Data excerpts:

+ + +

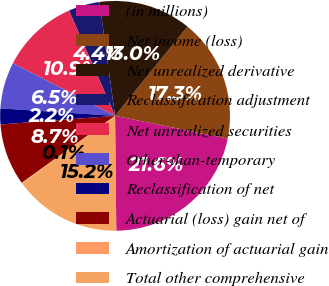<chart> <loc_0><loc_0><loc_500><loc_500><pie_chart><fcel>(in millions)<fcel>Net income (loss)<fcel>Net unrealized derivative<fcel>Reclassification adjustment<fcel>Net unrealized securities<fcel>Other-than-temporary<fcel>Reclassification of net<fcel>Actuarial (loss) gain net of<fcel>Amortization of actuarial gain<fcel>Total other comprehensive<nl><fcel>21.65%<fcel>17.34%<fcel>13.02%<fcel>4.39%<fcel>10.86%<fcel>6.55%<fcel>2.23%<fcel>8.71%<fcel>0.08%<fcel>15.18%<nl></chart> 
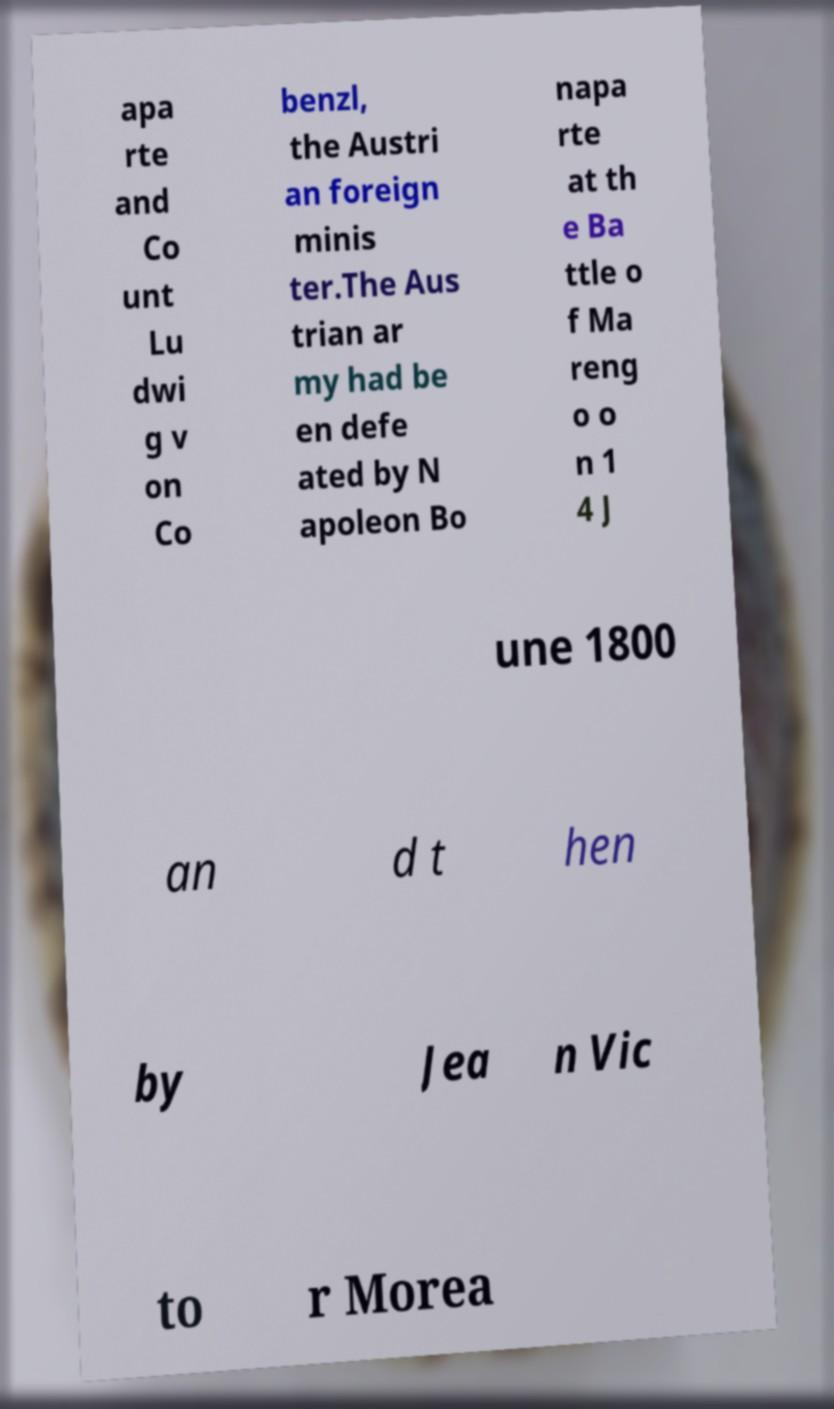Please identify and transcribe the text found in this image. apa rte and Co unt Lu dwi g v on Co benzl, the Austri an foreign minis ter.The Aus trian ar my had be en defe ated by N apoleon Bo napa rte at th e Ba ttle o f Ma reng o o n 1 4 J une 1800 an d t hen by Jea n Vic to r Morea 
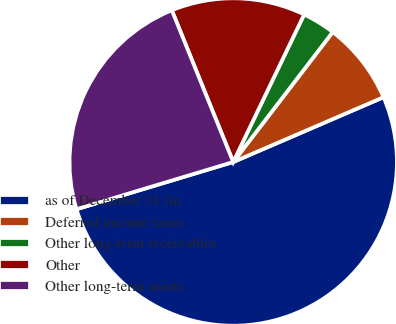<chart> <loc_0><loc_0><loc_500><loc_500><pie_chart><fcel>as of December 31 (in<fcel>Deferred income taxes<fcel>Other long-term receivables<fcel>Other<fcel>Other long-term assets<nl><fcel>51.82%<fcel>8.12%<fcel>3.27%<fcel>13.25%<fcel>23.54%<nl></chart> 
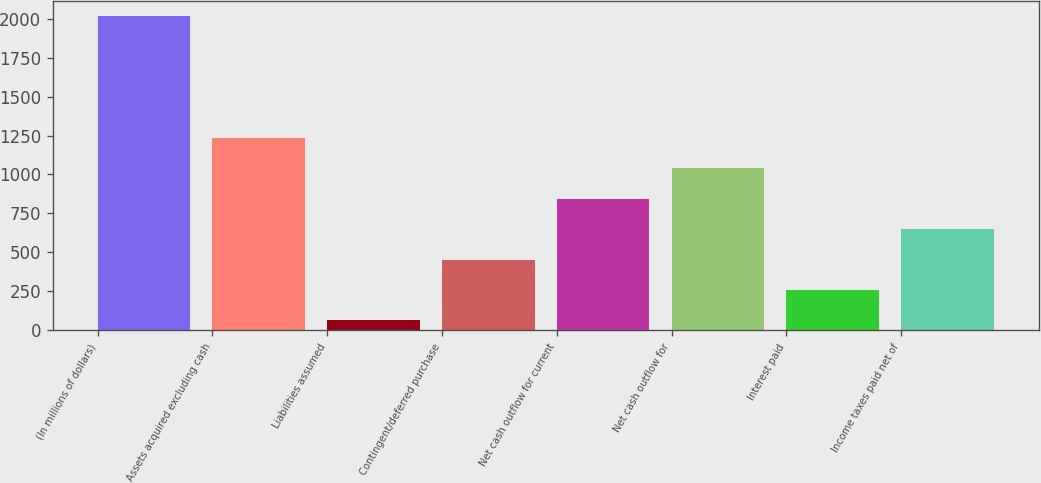Convert chart. <chart><loc_0><loc_0><loc_500><loc_500><bar_chart><fcel>(In millions of dollars)<fcel>Assets acquired excluding cash<fcel>Liabilities assumed<fcel>Contingent/deferred purchase<fcel>Net cash outflow for current<fcel>Net cash outflow for<fcel>Interest paid<fcel>Income taxes paid net of<nl><fcel>2014<fcel>1234<fcel>64<fcel>454<fcel>844<fcel>1039<fcel>259<fcel>649<nl></chart> 
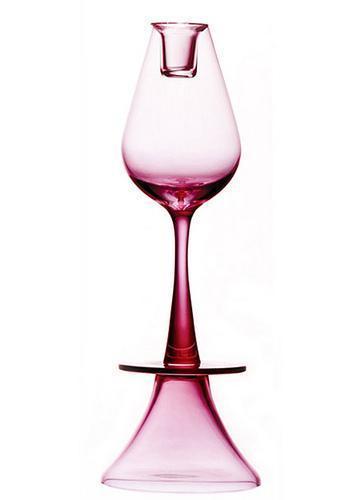How many objects are in the photo?
Give a very brief answer. 1. How many different colors are in the photo?
Give a very brief answer. 2. How many different examples of liquor glassware are built into this?
Give a very brief answer. 3. 
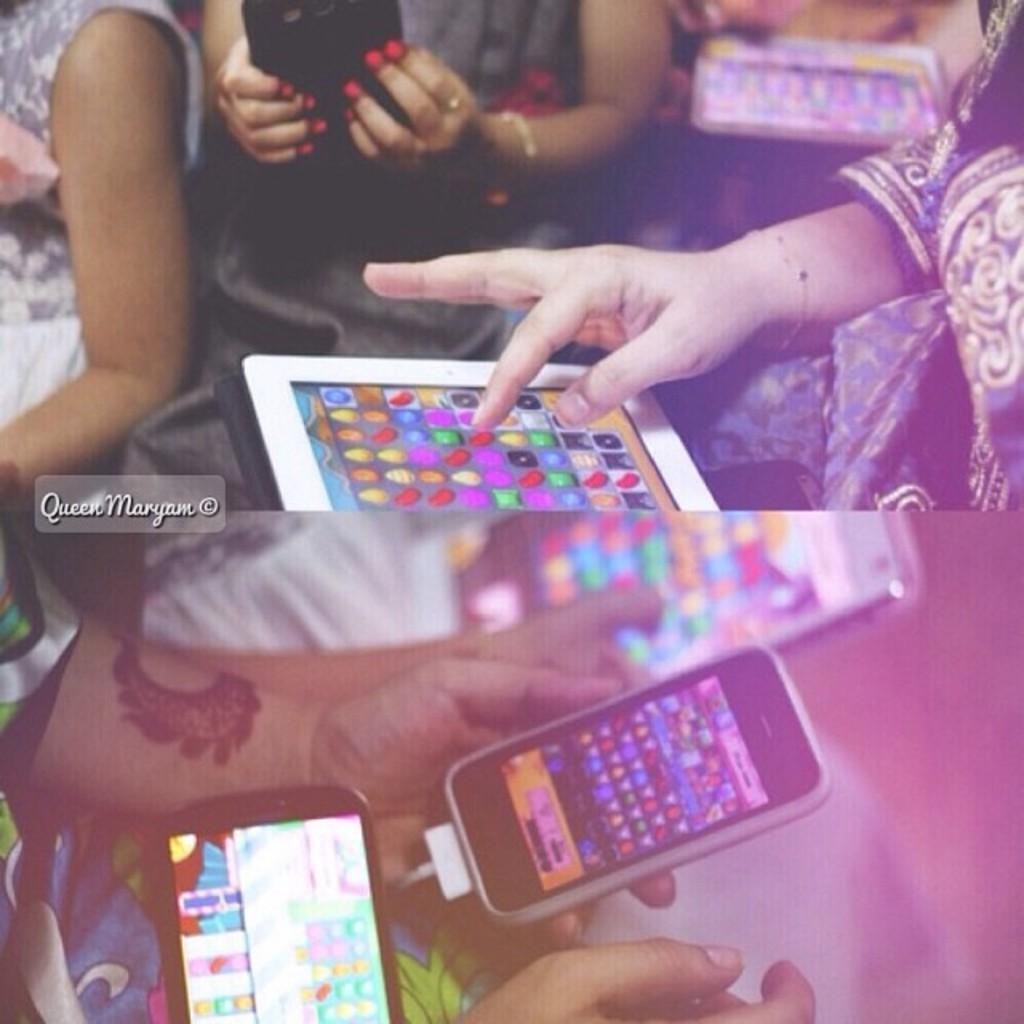Can you describe this image briefly? This is the collage of two pictures in which there are some person hand in which there are some phones and also we can see some things displayed on the screens.

+ + +

*PROBLEM:*
In the data above, how many lines carry the string "answer"? Only the number should be given.

*SOLUTION FOR THIS EXERCISE:*
3